__DATA SUPPLIED__

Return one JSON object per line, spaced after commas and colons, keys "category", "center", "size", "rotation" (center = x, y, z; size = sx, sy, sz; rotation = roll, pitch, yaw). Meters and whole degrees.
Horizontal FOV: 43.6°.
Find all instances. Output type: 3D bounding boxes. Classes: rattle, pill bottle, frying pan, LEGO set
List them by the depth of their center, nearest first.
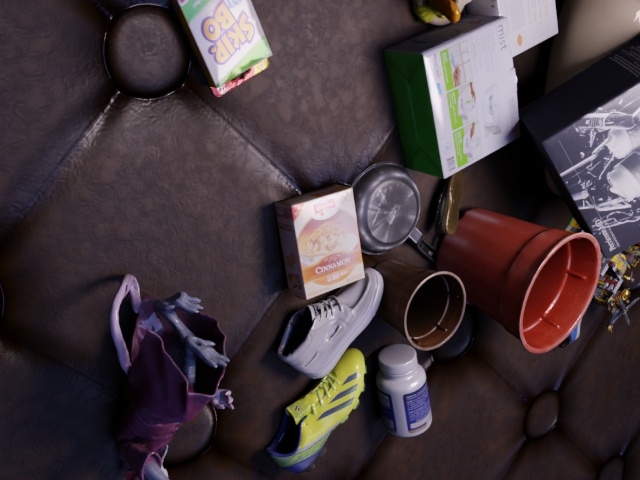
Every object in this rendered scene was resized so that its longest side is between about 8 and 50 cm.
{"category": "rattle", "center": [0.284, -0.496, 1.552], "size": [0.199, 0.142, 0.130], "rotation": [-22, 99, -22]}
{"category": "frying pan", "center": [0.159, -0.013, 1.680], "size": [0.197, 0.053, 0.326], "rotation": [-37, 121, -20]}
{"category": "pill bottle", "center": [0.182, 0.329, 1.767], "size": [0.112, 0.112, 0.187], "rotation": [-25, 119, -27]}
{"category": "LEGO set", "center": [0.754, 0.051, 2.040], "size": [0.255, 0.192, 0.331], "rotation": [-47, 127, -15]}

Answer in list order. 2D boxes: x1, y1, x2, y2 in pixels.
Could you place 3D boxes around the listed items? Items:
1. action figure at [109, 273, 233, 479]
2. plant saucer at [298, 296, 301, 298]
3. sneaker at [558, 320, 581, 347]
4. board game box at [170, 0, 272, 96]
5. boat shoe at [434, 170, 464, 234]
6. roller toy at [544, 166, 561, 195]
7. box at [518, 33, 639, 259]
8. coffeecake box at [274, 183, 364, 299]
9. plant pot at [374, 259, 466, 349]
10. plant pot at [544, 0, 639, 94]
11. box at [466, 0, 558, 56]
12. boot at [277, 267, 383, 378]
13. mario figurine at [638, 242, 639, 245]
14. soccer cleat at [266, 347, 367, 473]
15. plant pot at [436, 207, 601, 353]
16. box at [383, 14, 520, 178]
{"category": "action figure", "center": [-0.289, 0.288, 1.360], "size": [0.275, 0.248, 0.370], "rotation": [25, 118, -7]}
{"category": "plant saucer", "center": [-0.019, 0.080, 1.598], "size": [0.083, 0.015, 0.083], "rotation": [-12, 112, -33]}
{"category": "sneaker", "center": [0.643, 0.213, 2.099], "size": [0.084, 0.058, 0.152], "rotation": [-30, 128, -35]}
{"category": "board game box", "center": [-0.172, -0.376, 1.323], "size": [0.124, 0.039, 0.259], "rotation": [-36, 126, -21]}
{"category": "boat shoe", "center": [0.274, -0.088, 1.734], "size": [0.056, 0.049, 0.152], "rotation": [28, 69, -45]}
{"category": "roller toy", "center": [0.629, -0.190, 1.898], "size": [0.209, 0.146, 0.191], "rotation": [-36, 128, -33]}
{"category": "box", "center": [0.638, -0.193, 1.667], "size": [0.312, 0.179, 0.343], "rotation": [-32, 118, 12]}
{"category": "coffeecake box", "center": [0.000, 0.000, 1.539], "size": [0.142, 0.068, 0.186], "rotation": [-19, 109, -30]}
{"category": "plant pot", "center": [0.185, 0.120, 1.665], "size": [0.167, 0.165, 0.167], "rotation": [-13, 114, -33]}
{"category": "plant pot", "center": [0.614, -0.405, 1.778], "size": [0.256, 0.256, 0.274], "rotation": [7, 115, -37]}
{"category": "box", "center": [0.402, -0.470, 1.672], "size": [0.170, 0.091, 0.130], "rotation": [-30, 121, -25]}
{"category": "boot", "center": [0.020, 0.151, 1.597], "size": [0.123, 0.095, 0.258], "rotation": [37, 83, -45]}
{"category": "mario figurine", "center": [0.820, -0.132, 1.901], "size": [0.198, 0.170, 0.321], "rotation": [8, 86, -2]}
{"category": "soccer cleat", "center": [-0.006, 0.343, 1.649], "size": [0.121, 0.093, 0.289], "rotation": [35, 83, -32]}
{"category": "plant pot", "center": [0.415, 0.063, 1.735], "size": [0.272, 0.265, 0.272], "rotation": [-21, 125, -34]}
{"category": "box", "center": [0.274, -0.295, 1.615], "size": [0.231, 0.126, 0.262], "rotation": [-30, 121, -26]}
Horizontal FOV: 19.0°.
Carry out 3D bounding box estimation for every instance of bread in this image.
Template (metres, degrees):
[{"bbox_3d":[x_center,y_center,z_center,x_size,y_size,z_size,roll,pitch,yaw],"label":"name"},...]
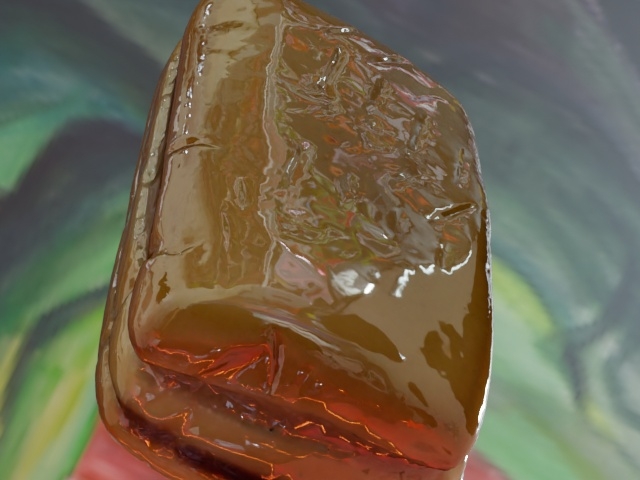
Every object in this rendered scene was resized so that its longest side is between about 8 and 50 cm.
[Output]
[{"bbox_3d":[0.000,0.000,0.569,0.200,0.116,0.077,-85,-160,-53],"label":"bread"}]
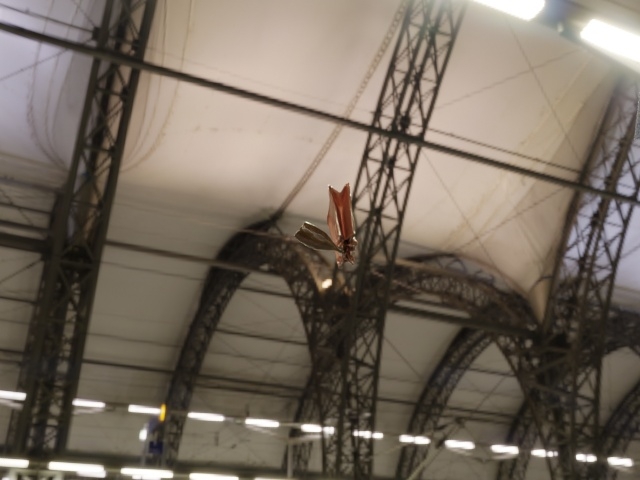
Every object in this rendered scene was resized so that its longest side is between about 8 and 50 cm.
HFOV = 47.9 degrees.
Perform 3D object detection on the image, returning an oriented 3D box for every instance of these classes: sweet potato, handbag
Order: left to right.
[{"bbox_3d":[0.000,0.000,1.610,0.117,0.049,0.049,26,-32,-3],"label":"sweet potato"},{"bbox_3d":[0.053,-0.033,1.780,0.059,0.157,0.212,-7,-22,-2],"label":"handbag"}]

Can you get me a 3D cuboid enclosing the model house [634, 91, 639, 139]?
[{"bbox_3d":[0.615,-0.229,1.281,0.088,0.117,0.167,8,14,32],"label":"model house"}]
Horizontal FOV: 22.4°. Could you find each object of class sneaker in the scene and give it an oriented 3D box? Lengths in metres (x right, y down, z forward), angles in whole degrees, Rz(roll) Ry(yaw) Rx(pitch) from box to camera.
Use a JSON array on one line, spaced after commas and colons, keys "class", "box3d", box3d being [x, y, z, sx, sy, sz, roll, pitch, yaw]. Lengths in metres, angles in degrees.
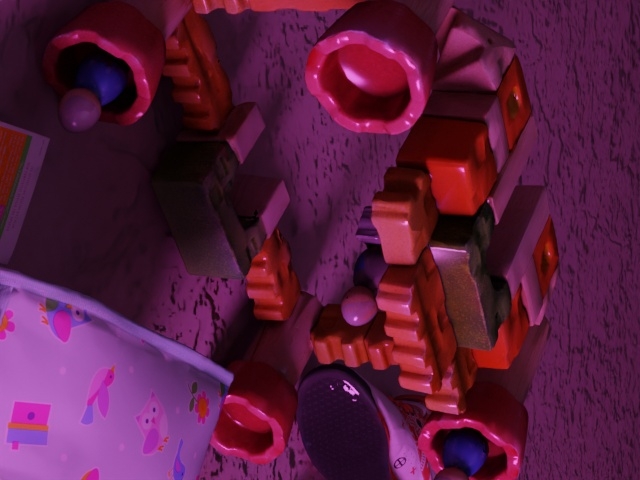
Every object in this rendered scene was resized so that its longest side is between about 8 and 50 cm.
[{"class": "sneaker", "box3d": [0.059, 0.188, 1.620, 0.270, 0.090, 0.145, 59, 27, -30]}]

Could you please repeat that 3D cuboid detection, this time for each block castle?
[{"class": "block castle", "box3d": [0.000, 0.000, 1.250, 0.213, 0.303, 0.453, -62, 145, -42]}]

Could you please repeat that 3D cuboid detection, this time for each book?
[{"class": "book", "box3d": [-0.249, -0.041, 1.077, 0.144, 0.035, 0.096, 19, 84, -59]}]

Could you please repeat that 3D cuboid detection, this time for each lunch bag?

__PROBLEM TO SOLVE__
Only the lines from the start of the material to the line with "15. plant pot at [436, 207, 601, 353]", inclusive, belong in the answer, printed exactly and free of pictures.

__PROBLEM SOLUTION__
Return one JSON object per line, spaced after commas and colons, keys "category", "center", "size", "rotation" (center = x, y, z; size = sx, sy, sz; rotation = roll, pitch, yaw). Meters and whole degrees.
Horizontal FOV: 43.6°.
Find all instances. Output type: 3D bounding boxes. Classes: rattle, pill bottle, frying pan, LEGO set
List them by the depth of their center, nearest first.
Every object in this rendered scene was resized so that its longest side is between about 8 and 50 cm.
{"category": "rattle", "center": [0.284, -0.496, 1.552], "size": [0.199, 0.142, 0.130], "rotation": [-22, 99, -22]}
{"category": "frying pan", "center": [0.159, -0.013, 1.680], "size": [0.197, 0.053, 0.326], "rotation": [-37, 121, -20]}
{"category": "pill bottle", "center": [0.182, 0.329, 1.767], "size": [0.112, 0.112, 0.187], "rotation": [-25, 119, -27]}
{"category": "LEGO set", "center": [0.754, 0.051, 2.040], "size": [0.255, 0.192, 0.331], "rotation": [-47, 127, -15]}

Answer in list order. 2D boxes: x1, y1, x2, y2 in pixels.
Could you place 3D boxes around the listed items? Items:
1. action figure at [109, 273, 233, 479]
2. plant saucer at [298, 296, 301, 298]
3. sneaker at [558, 320, 581, 347]
4. board game box at [170, 0, 272, 96]
5. boat shoe at [434, 170, 464, 234]
6. roller toy at [544, 166, 561, 195]
7. box at [518, 33, 639, 259]
8. coffeecake box at [274, 183, 364, 299]
9. plant pot at [374, 259, 466, 349]
10. plant pot at [544, 0, 639, 94]
11. box at [466, 0, 558, 56]
12. boot at [277, 267, 383, 378]
13. mario figurine at [638, 242, 639, 245]
14. soccer cleat at [266, 347, 367, 473]
15. plant pot at [436, 207, 601, 353]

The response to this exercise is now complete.